Но самое главное мучение Антонов претерпевал в полное Герино отсутствие. Тогда в его воображении наново звучали все обидные слова, все хвастливые угрозы и хамские выпады. Гера превратился в наваждение; однажды секретарша декана, немолодая почтенная сплетница с пластилиновыми расцветками угрюмого макияжа, обратила внимание Антонова на то, что он довольно громко разговаривает сам с собой. Открытие было таким же ошеломляющим, как и открытие лысины; действительно, Антонов тут же понял задним числом, что коллеги, собираясь к нему обратиться, вежливо выжидают паузы, как если бы Антонов общался еще с каким-то невидимым собеседником. Еще Антонов уяснил, что, бормоча под нос, он не только выступает от себя, но и проговаривает реплики Геры, который буквально вселился в него, подобно злому духу, и, казалось, носил его новый, совершенно юный по сравнению с остальным десятилетним гардеробом, молодежный свитер, поедал в столовой его водянистый морковный обед.

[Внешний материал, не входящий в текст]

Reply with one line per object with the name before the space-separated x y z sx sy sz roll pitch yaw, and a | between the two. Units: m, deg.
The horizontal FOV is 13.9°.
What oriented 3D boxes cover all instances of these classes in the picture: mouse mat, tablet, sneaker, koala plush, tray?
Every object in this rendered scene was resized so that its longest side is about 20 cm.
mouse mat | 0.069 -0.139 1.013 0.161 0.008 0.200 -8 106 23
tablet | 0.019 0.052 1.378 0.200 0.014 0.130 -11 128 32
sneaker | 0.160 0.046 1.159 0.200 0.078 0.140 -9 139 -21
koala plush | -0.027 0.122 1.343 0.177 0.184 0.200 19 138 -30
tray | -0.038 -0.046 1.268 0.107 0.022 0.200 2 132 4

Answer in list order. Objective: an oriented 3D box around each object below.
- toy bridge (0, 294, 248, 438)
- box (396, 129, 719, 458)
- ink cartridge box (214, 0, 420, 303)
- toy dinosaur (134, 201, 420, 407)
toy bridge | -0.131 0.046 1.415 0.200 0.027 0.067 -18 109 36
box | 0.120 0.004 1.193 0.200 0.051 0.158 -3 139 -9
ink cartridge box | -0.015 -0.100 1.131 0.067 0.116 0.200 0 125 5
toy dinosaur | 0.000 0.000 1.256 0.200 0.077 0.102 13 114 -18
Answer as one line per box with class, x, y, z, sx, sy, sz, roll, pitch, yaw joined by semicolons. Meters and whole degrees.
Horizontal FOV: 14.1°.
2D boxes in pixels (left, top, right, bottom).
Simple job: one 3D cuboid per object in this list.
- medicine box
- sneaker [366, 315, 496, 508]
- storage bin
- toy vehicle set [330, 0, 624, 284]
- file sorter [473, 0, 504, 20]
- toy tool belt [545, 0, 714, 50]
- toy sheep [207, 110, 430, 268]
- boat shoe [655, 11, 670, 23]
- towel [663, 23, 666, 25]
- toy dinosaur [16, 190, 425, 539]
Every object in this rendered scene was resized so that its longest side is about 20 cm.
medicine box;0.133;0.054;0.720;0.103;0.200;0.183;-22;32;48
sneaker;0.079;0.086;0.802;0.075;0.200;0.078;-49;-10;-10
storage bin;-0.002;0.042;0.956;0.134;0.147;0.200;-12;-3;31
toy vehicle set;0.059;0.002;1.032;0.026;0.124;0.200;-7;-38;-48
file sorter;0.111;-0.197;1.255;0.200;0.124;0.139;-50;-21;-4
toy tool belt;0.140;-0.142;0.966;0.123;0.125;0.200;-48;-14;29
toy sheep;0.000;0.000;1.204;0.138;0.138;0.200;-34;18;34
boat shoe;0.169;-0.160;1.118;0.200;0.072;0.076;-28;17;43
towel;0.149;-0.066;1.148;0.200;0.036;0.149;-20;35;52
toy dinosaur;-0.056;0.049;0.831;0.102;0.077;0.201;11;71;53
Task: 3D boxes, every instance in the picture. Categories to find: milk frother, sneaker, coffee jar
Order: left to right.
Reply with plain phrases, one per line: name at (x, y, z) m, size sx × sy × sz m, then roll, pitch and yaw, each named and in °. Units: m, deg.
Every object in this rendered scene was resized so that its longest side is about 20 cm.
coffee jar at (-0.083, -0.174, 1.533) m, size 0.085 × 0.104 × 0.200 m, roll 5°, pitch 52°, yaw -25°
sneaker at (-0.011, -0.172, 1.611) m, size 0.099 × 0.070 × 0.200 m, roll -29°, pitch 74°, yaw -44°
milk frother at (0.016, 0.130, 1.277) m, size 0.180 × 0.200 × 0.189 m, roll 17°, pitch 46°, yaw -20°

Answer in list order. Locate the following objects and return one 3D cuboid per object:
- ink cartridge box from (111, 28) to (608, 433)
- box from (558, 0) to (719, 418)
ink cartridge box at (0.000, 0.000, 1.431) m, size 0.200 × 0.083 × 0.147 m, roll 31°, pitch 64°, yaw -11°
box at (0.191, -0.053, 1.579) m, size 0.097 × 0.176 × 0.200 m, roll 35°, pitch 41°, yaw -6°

Должно быть, доктор Тихая, незримо парившая над зимним металлическим городом в своем кубическом кабинетике, нашла бы в этом вселении вполне разборчивые симптомы; но именно мысль о сумасшествии, которого нет и не может быть, поддерживала в Антонове чувство правоты, что было равнозначно спасению от Геры собственного “я”. С сумасшествием, представлявшимся ему не болезнью, не чем-то, объективно имеющимся в человеке помимо медицины, но неким способом употребления пациента со стороны специализированных врачей, у Антонова были давние счеты — еще с наивной юношеской поры, когда он полагал, будто зимние и летние сессии, сдаваемые каждый раз на круглые пятерки, и есть важнейшие проверки содержимого его мозгов. Иллюзии кончились, когда неосторожного Алика, владельца ярко-черной, с золочеными морскими пуговицами, пищущей машинки, на которой перепечатывались “секретные материалы”, забрали однажды в учреждение желтого профиля: тогда оно таилось прямо на задворках центрального проспекта, овеянных запахами хлебозавода, и представляло собою крашеный особнячок, если и отличавшийся от соседних, хозяйственных и конторских, то разве что особым выражением окон, совершенно ледяных по раздышавшейся весне. Мама Алика, артистка музкомедии, всегда с веселым грудным говорком, всегда в сыроватой бархатной пудре, казалось, так же ей присущей, как цветку присуща пыльца, целый месяц плакала в платочек и, надев огромную кружевную, брассом плывущую шляпу, ходила по влиятельным друзьям, только чтобы Алика не долечили до бесповоротного диагноза.
Антонов тогда вляпался совсем не так глубоко: дело ограничилось серией бесед с двумя настойчивыми, но чрезвычайно вежливыми мужчинами в штатском, которые были бы совершенно однотипны, если бы не разница в габаритах, из-за чего и нервный изящный малыш, и долговязый великан, все время смотревший себе на колени, точно тайком читавший под столом какую-то книгу, казались какими-то нестандартными, а потому и не очень опасными экземплярами. Звания их находились в обратной пропорции к размерам; вопросы, задаваемые Антонову в предположительно-утвердительной форме, касались даже не столько Аликова дома (где по уик-эндам появлялся, в качестве неизбежного гостя, интеллектуальный, с бодрой кроличьей улыбкой факультетский стукачок), сколько периферии дома и семейства — некой туманной, приливавшей и отливавшей стихии со своими двоякодышащими обитателями, — стихии, не соединявшей дом с остальным дождливым и каменным миром, но превращавшей его в зачарованный остров, где горела мандариновая лампа. Эта-то стихия и выходившие из нее неясные фигуры (артистический старец с хохлатыми висками и с перхотью на черном пиджаке, узенькая поэтесса, делавшаяся по-крестьянски большеногой, когда тяжело ступала на пол с высоченных каблуков, прочая разнополая богема, одетая так, как вещи висят на вешалках в шкафу) более всего интересовали капитана и старшего лейтенанта.